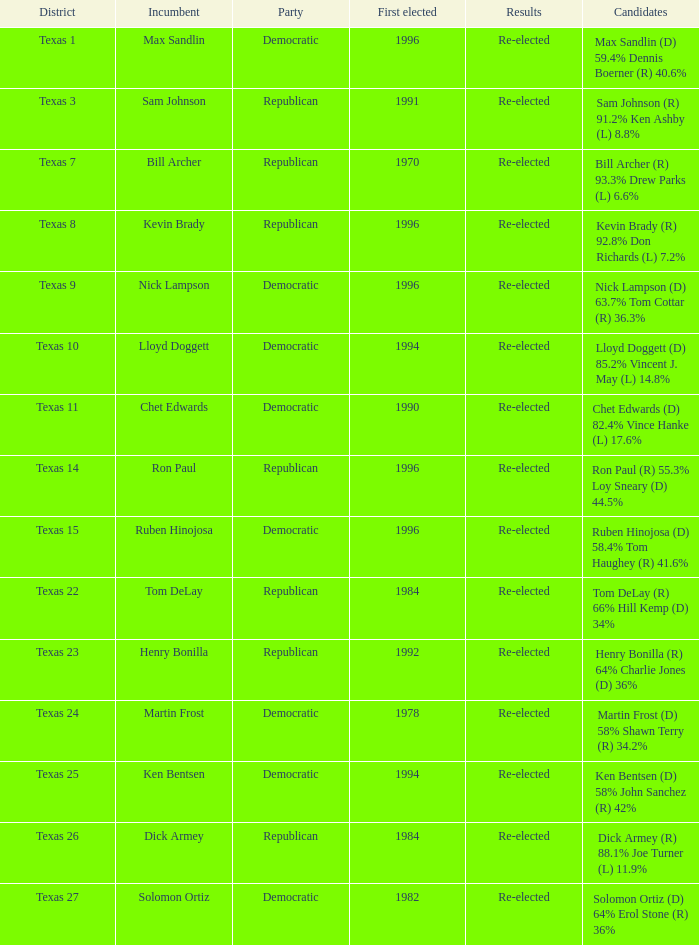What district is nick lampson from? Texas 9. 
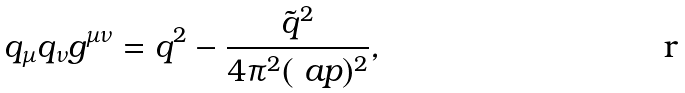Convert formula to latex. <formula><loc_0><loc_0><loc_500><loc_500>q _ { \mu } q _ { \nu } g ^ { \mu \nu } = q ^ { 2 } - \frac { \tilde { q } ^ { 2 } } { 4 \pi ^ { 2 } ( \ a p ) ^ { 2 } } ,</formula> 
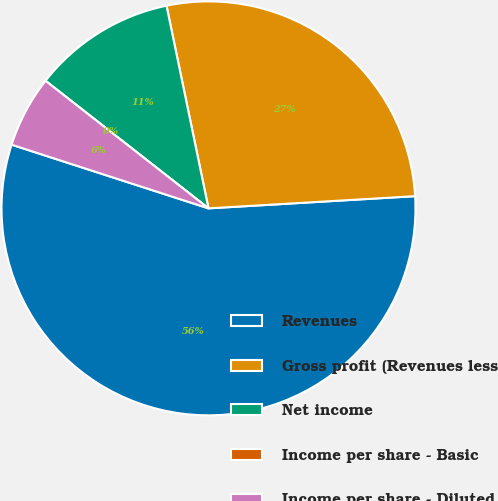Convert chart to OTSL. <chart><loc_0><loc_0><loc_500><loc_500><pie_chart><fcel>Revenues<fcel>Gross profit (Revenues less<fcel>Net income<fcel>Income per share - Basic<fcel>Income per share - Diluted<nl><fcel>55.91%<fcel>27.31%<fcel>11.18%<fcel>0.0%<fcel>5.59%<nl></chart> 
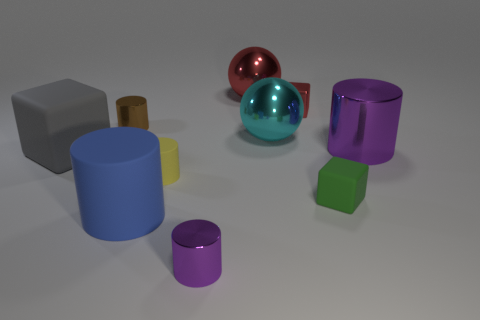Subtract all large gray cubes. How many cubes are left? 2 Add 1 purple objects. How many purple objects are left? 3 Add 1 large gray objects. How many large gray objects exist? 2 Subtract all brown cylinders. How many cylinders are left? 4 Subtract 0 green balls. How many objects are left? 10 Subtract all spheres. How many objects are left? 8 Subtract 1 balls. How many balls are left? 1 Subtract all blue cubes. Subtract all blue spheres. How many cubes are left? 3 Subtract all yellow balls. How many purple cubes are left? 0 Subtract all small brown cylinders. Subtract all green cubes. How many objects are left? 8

==

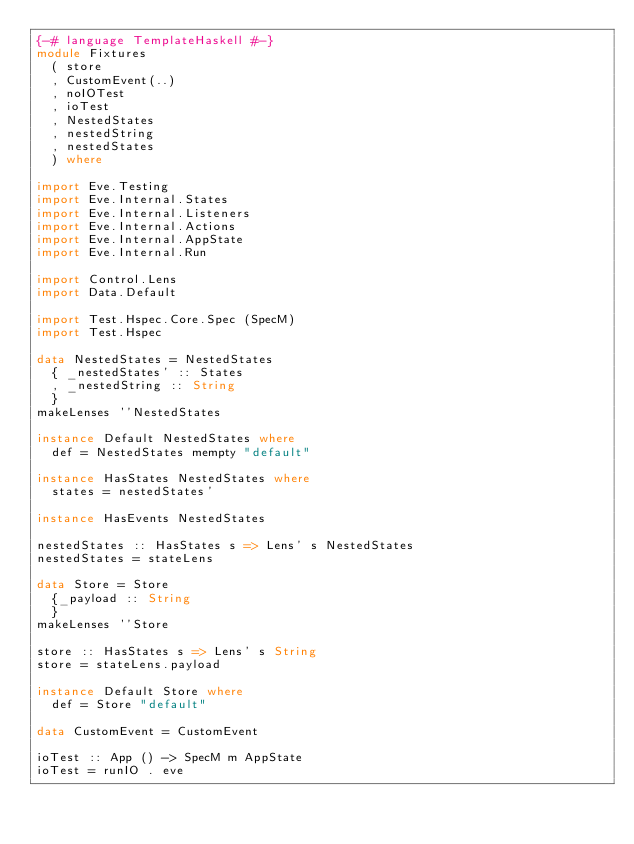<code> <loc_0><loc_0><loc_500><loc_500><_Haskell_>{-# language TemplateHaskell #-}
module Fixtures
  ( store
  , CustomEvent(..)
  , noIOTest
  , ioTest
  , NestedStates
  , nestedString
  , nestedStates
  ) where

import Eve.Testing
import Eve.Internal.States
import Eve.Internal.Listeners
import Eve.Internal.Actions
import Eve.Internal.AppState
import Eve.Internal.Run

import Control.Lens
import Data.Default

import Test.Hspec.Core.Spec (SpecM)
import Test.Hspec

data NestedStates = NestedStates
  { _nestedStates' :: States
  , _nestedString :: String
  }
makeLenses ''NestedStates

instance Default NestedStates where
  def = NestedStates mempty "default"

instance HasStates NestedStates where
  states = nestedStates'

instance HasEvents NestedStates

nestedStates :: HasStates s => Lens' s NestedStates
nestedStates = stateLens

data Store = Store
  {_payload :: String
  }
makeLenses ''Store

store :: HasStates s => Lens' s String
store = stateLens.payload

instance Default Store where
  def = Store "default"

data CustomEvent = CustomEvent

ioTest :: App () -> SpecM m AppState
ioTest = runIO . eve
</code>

**Work to be completed**
Keep to the lines above from the line with "What district is nick lampson from? Texas 9." to the line with "Convert chart to", and set down exactly those, inclusive, with nothing else and every picture left out.

**Task response**
What district is nick lampson from? Texas 9. 
Convert formula to latex. <formula><loc_0><loc_0><loc_500><loc_500>q _ { \mu } q _ { \nu } g ^ { \mu \nu } = q ^ { 2 } - \frac { \tilde { q } ^ { 2 } } { 4 \pi ^ { 2 } ( \ a p ) ^ { 2 } } ,</formula> 
Convert chart to OTSL. <chart><loc_0><loc_0><loc_500><loc_500><pie_chart><fcel>Revenues<fcel>Gross profit (Revenues less<fcel>Net income<fcel>Income per share - Basic<fcel>Income per share - Diluted<nl><fcel>55.91%<fcel>27.31%<fcel>11.18%<fcel>0.0%<fcel>5.59%<nl></chart> 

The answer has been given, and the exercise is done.